Pushing himself back in his chair, Carl grabbed his beer, staring at the girl on the label, peeling the edge with a fingernail. Guilty. It would exist forever, and not just in her mind. She'd know that somewhere, someone had typed it on a record, that infamous permanent one, and there it would be, tailing her like a shadow. But in a way, then this part would be over, and she could focus on her kids. "What does Peri think?" Carl asked.
"I don't know really. We didn't talk much on the way home."
"What about the kids? What does this mean for her getting custody?"
His son shrugged. "That's the custody battle. That's for the court to decide. But if she's found guilty and made to do what--more therapy? A parentin
g class? Probation? She won't get custody. Not now. Not right away. Graham at least doesn't have a criminal record. He might be a complete asshole, but he hasn't been convicted of anything."
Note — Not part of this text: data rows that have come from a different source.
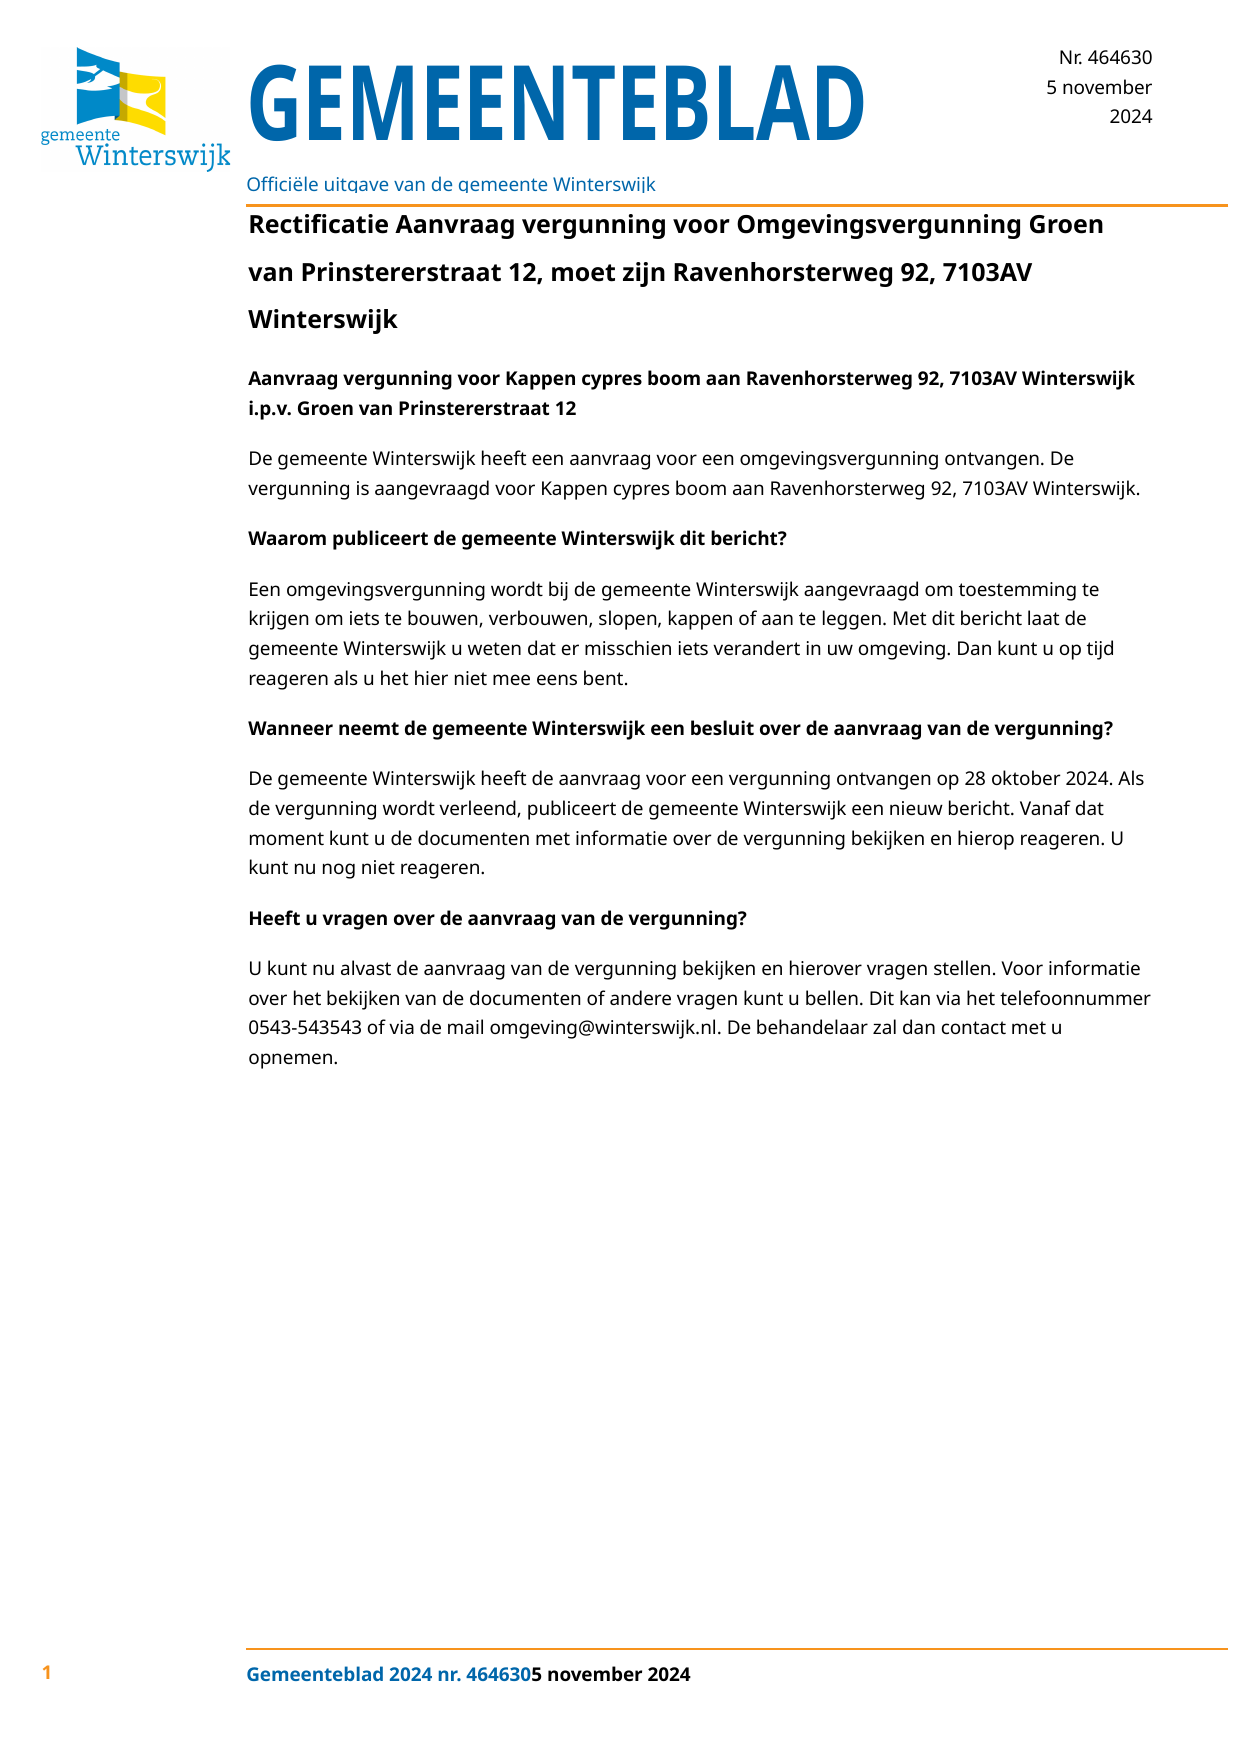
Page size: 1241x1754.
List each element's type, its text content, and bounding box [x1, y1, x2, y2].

picture [41, 47, 231, 172]
text Waarom publiceert de gemeente Winterswijk dit bericht? [248, 526, 1152, 551]
text Rectificatie Aanvraag vergunning voor Omgevingsvergunning Groen van Prinstererstraat 12, moet zijn Ravenhorsterweg 92, 7103AV Winterswijk [248, 207, 1152, 336]
text U kunt nu alvast de aanvraag van de vergunning bekijken en hierover vragen stellen. Voor informatie over het bekijken van de documenten of andere vragen kunt u bellen. Dit kan via het telefoonnummer 0543-543543 of via de mail omgeving@winterswijk.nl. De behandelaar zal dan contact met u opnemen. [248, 955, 1152, 1069]
text De gemeente Winterswijk heeft de aanvraag voor een vergunning ontvangen op 28 oktober 2024. Als de vergunning wordt verleend, publiceert de gemeente Winterswijk een nieuw bericht. Vanaf dat moment kunt u de documenten met informatie over de vergunning bekijken en hierop reageren. U kunt nu nog niet reageren. [248, 766, 1152, 880]
text Een omgevingsvergunning wordt bij de gemeente Winterswijk aangevraagd om toestemming te krijgen om iets te bouwen, verbouwen, slopen, kappen of aan te leggen. Met dit bericht laat de gemeente Winterswijk u weten dat er misschien iets verandert in uw omgeving. Dan kunt u op tijd reageren als u het hier niet mee eens bent. [248, 576, 1152, 690]
text Wanneer neemt de gemeente Winterswijk een besluit over de aanvraag van de vergunning? [248, 715, 1152, 741]
text Heeft u vragen over de aanvraag van de vergunning? [248, 905, 1152, 930]
text De gemeente Winterswijk heeft een aanvraag voor een omgevingsvergunning ontvangen. De vergunning is aangevraagd voor Kappen cypres boom aan Ravenhorsterweg 92, 7103AV Winterswijk. [248, 446, 1152, 501]
text Aanvraag vergunning voor Kappen cypres boom aan Ravenhorsterweg 92, 7103AV Winterswijk i.p.v. Groen van Prinstererstraat 12 [248, 366, 1152, 421]
picture [225, 153, 231, 162]

"He should have been. Thrown in for being a shitty father." Carl paused, taking a swig, hearing Noel’s pause echo in the room. He flushed, realizing he deserved to be in the same jail with Graham, hobbled and linked by chains, like father-in-law, like son-in-law.
"Yeah." Noel looked over his shoulder. "What's Peri doing?"
"Her therapist wants her to get outside more, so I bought some plants. It's good exercise." He almost laughed. Now the father he should have been, making sure Peri was fed and healthy and on time for appointments. While he was keeping her active, he hadn't a clue about what she was feeling inside, each day about making a pattern she could live by, a focused, thoughtful pattern a jury would see as healthy and improved and sane. But inside her? Carl might never be granted a permit. The same was true with Noel. Oh, he knew about Noel's job and his apartment and his new mountain bike, but had he heard much about these girlfriends who were a part of his life and then not? Did Carl know anything about what Noel wanted?
"So," Carl began slowly. "What’s next?"
"We make a decision. Or Peri does. I've got to call Preston by six. If she says okay, we get ready for the sentencing. If not, we get ready for the hearing."
"No. I mean, yes. But I really meant about you."
Noel almost missed the coffee table as he put his beer down. "What do you mean?"
"Well, now that Peri is here, and some plan or another will be put in motion, you don't have to be so focused on her. For a long time, it seems to me, you've been maybe too involved."